=== Begin Enclosure ===

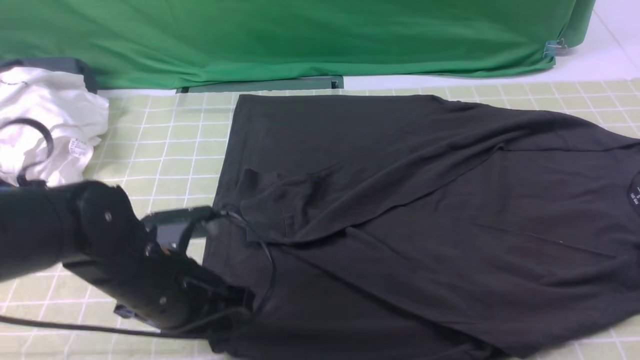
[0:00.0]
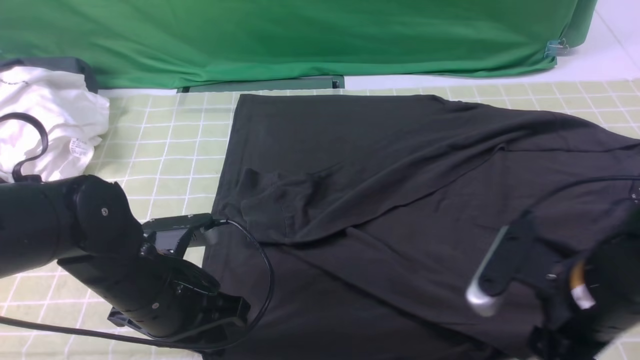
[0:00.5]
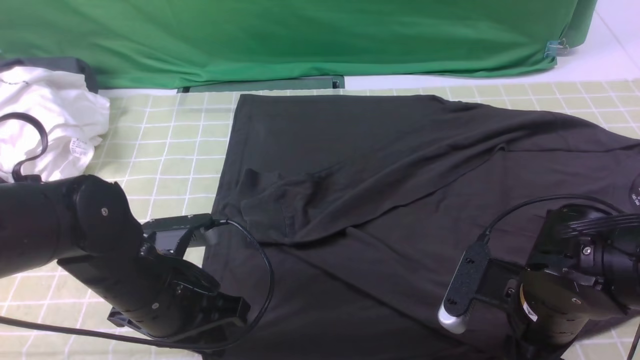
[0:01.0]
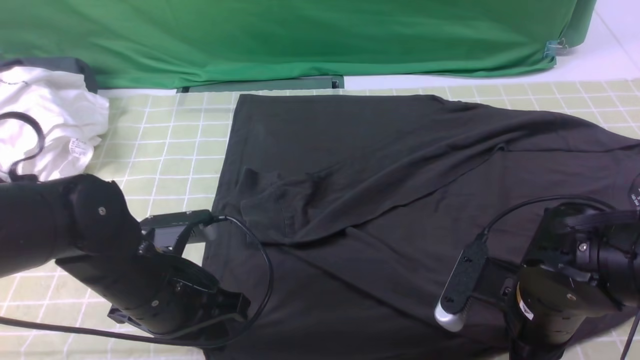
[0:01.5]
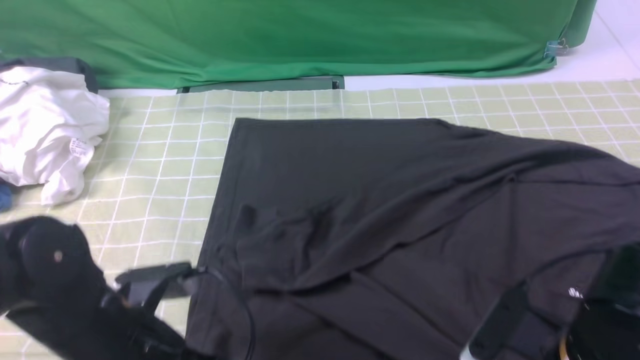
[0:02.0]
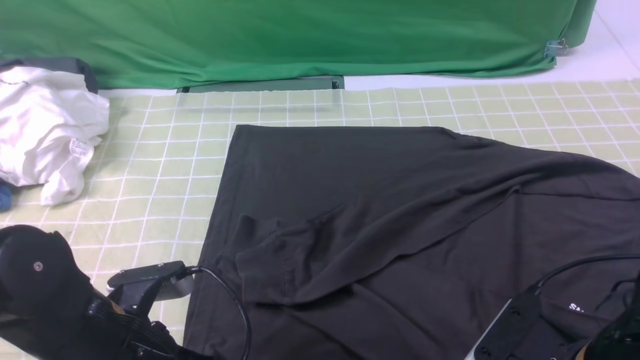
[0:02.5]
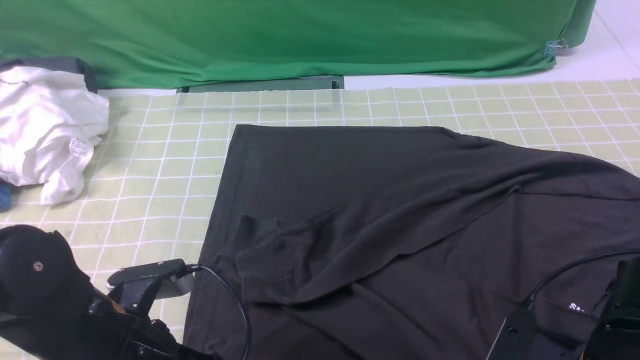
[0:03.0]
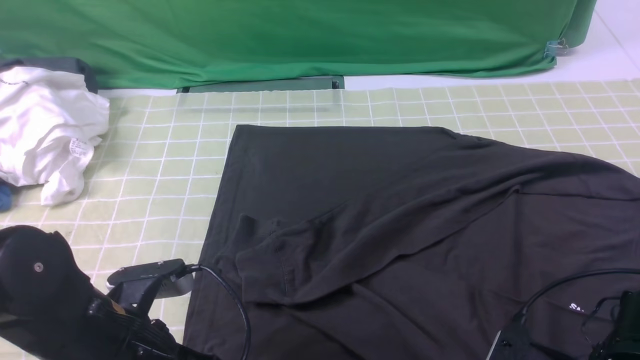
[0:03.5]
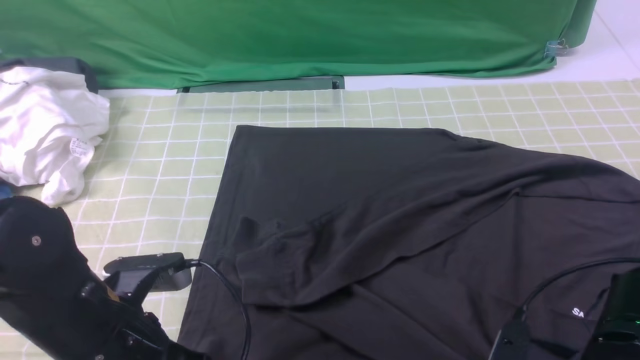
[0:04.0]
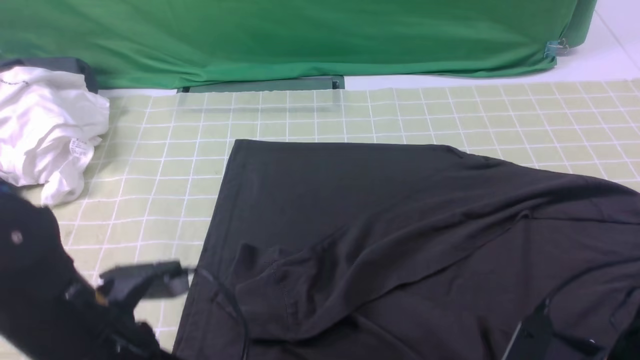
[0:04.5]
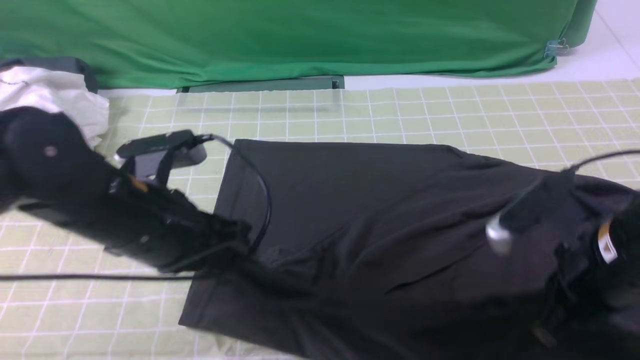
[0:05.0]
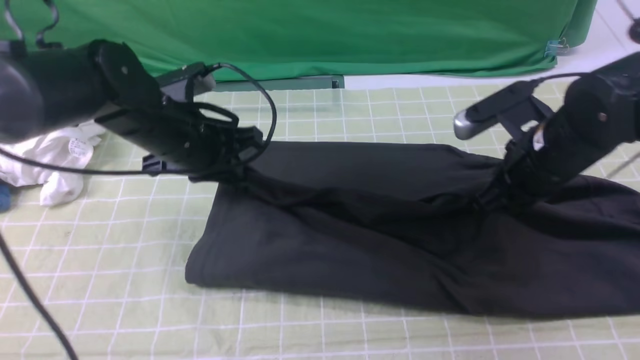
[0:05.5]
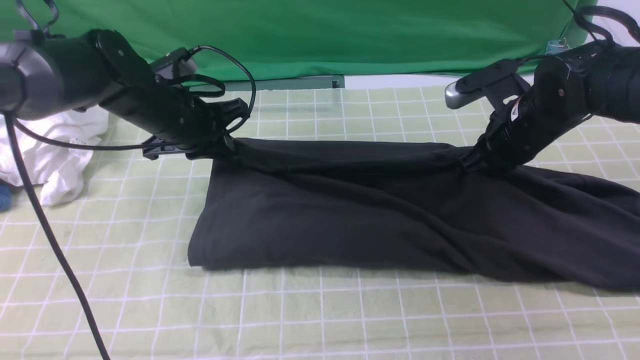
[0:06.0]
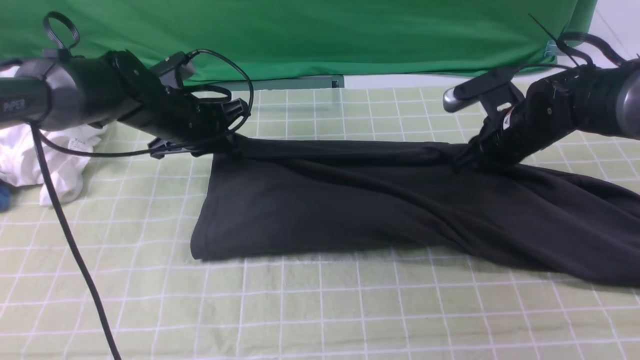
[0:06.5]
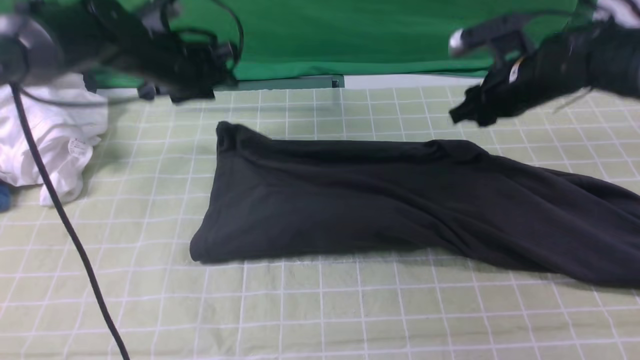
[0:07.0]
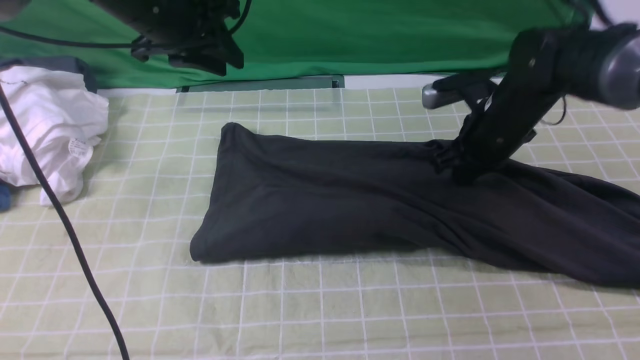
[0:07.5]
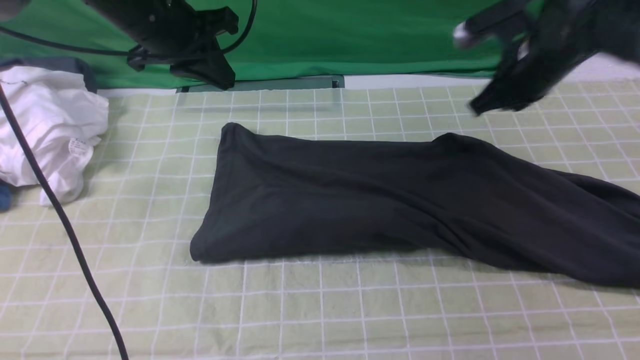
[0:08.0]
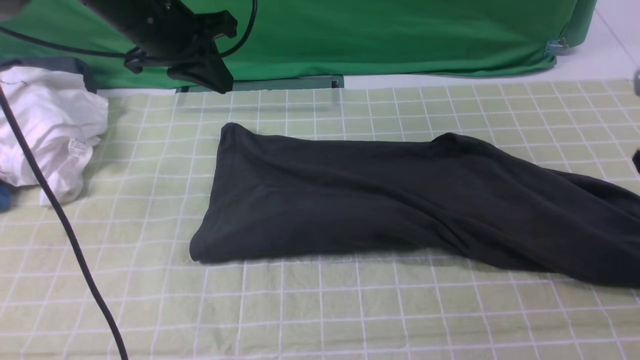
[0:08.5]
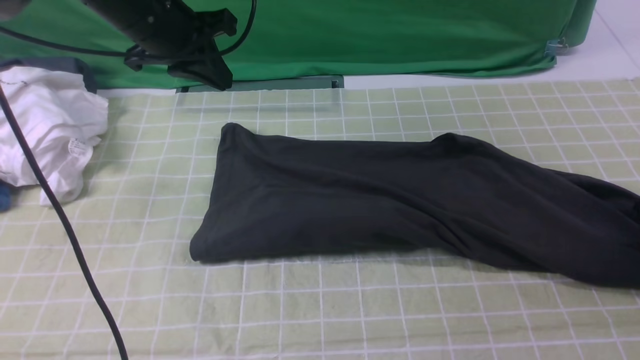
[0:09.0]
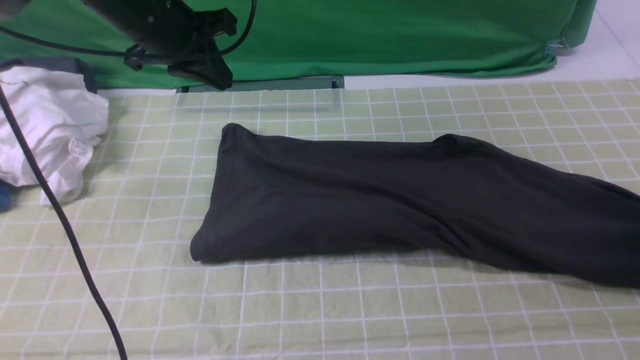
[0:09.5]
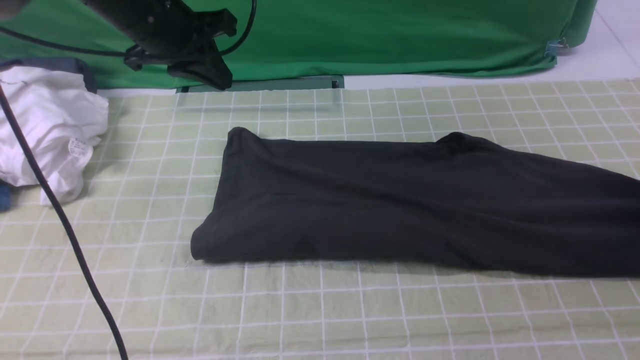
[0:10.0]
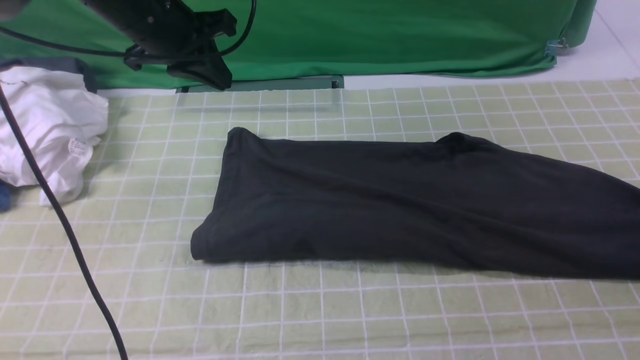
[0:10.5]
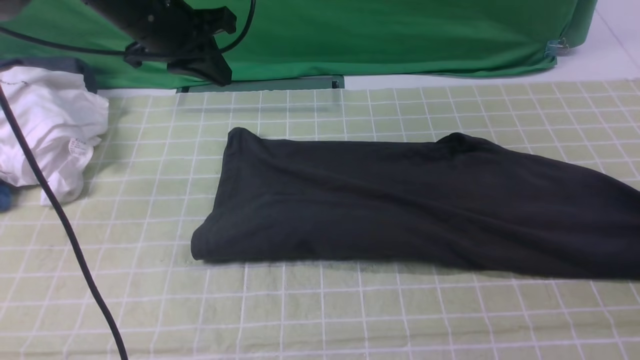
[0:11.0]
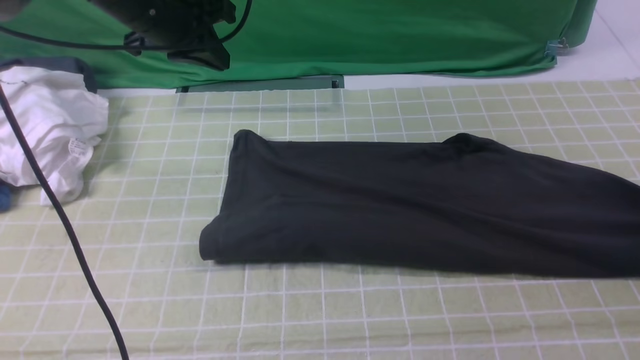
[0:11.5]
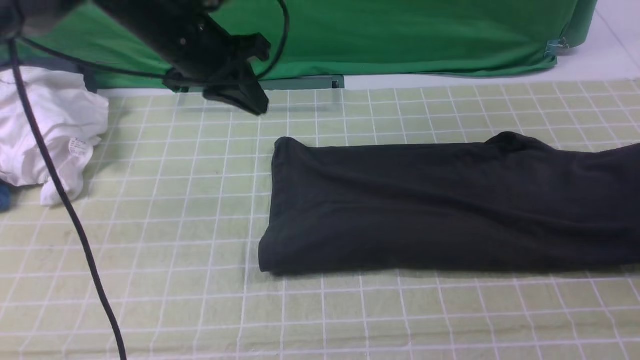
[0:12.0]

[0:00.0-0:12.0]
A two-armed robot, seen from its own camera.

=== End Enclosure ===

--- TO DO ---
The records must come back exactly, with their pictures removed.

--- RESULT OF THIS TASK ---
[0:00.0]
[0:00.5]
[0:01.0]
[0:01.5]
[0:02.0]
[0:02.5]
[0:03.0]
[0:03.5]
[0:04.0]
[0:04.5]
[0:05.0]
[0:05.5]
[0:06.0]
[0:06.5]
[0:07.0]
[0:07.5]
[0:08.0]
[0:08.5]
[0:09.0]
[0:09.5]
[0:10.0]
[0:10.5]
[0:11.0]
[0:11.5]
[0:12.0]

[0:00.0-0:12.0]
A two-armed robot, seen from its own camera.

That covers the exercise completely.